QlpoOTFBWSZTWU0BiOEAABzXgAAQQIUlKBQAP+ffoDAAurCJk1NqGg0ekPUGmgim9TTRMjT1NNAABqep6hTYp6mym0JptQ0cCLbq+LttJbkeoV26578SWMQ+ZrJCmdA49jEpPSJgqs0z4sJ0h9oVcovCsNHgoQApuYRiFCKSpufRxmWbWH1rEfJawdNhzahnPJhBIR40uXvlEfnVqI2m9lKZrXDAOa8mAFcPJUQF6h0g5EiEOTEsUG1QcVRk/hAPc2rin+LuSKcKEgmgMRwg


----------



## dunebuggy (Dec 21, 2008)

I picked number 3 but keep the beer and I'll have a bundy a cola stubbie thanks. lol. Another reason for fishing in comps is that it is something relatively new to me. I fished rounds 2 and 3 of the Hobie/ABT, learned a lot, and enjoyed it very much apart from the early start. I am NOT a morning person. lol. I am definately a night owl. I am looking forward to the KFT this weekend as it's nice and close to home. Even rounds 2 and 3 are not far away. If I am lucky, I may even catch something. Another reason for entering a comp is the very slender thread of hope of actually winning a prize of some sort. haha.
I look forward to seeing some of you at the KFT this Sunday. I will be the one who is asleep standing up!


----------



## Ranger (May 31, 2008)

I voted "Fish hard-happy to share with others"

Instead of fishing leasurely, a competition gives me the chance to pit my own skills against competent fellow anglers, whilst fishing against the clock, in whatever conditions, weather and tides get thrown at us on the day, which is a lot different to, and a lot harder, than a normal day out of actually choosing your day, your conditions, taking it easy and enjoying the serenity!

It gives me a chance to pick up tips and techniques from experienced anglers, and see what new tackle is currently doing the damage (lures, etc).

It gives me the chance to socialise with my peers.

It steepens my own learning curve and makes me a better angler.

It gives me a "chance" of winning cash or prizes whilst enjoying my sport, and sends me home disappointed time and time again!  :lol: :lol: :lol:

I really don't understand why the words "etiquette" and "rules" worry everyone so much, or make everyone think it's not social, and I was really surprised by some of the comments I read in the "etiquette " thread.

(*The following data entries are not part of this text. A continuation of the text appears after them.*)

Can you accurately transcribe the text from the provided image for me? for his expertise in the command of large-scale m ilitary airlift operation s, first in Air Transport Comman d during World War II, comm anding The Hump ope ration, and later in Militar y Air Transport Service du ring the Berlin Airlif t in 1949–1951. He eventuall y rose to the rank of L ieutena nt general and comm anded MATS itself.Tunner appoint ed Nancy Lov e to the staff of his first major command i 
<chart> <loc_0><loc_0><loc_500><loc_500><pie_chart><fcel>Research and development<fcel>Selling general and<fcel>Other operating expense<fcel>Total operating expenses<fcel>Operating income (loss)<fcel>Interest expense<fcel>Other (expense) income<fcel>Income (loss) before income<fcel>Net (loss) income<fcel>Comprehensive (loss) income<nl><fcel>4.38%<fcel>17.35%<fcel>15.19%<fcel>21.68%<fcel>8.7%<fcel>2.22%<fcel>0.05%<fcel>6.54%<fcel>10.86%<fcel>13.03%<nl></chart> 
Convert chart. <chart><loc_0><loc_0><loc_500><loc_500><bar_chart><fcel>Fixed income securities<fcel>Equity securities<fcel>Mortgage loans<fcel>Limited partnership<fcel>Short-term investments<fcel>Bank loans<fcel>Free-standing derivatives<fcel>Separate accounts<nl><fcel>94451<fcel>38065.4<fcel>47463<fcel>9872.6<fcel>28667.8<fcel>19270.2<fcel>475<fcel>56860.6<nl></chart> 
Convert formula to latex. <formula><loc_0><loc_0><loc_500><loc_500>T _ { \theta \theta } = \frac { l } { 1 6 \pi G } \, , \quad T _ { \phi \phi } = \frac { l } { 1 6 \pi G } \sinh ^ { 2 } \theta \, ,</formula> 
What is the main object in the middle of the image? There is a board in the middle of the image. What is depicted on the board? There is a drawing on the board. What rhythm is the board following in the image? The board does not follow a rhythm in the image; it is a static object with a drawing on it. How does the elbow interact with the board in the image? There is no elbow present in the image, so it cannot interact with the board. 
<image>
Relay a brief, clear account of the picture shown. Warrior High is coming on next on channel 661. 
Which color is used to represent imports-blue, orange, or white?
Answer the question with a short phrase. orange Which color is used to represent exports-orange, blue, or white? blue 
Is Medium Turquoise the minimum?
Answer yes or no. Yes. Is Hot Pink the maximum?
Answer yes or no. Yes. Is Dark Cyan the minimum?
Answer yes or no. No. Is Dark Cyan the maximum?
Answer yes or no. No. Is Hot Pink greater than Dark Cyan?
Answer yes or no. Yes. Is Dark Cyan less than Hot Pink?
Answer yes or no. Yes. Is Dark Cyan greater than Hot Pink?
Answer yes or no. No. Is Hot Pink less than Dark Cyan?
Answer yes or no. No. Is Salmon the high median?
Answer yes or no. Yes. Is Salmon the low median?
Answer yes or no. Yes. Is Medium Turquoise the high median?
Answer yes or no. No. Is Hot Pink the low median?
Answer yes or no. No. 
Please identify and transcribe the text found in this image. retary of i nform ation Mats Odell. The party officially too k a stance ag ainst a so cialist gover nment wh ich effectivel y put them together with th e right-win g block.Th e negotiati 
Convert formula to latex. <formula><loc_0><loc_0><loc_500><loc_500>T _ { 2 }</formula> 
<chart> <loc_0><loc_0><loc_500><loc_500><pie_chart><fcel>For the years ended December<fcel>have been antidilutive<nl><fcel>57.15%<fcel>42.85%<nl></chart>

It's a sporting competition, and all competitions have to have rules.

At the moment for most of us, fishing is just a "hobby". Once we enter tournaments though, it stops being a hobby and becomes a "sport". Once you enter a sport you are competing, and all sports have rules you have to follow if you want to compete. The competitors are still social though, still help each other out, are still mates, and still enjoy a few beers together afterwards. I've met some great guys competing in tournaments. I've even lent my boat to a couple of anglers unknown to me, who I'd never met before, who were visiting my state from Sydney and Singapore for an ABT event (it's called helping each other out, and ya don't get more sociable and friendly than that).

As a competitive (maybe that should read "uncompetitive") angler fishing tournaments, I've lent out my $30k+ boat to other competitors. I've lent equipment to other competitors, I've helped out with boat repairs for other competitors, I've offered tips and techniques to other competitors, I've shared local knowledge with visiting competitors, I've lent tackle to other competitors, I've offered accomodation to other visiting competitors, I've offered the use of my 4WD to other competitors to tow a boat. Does this sound at all antisocial or unwelcoming?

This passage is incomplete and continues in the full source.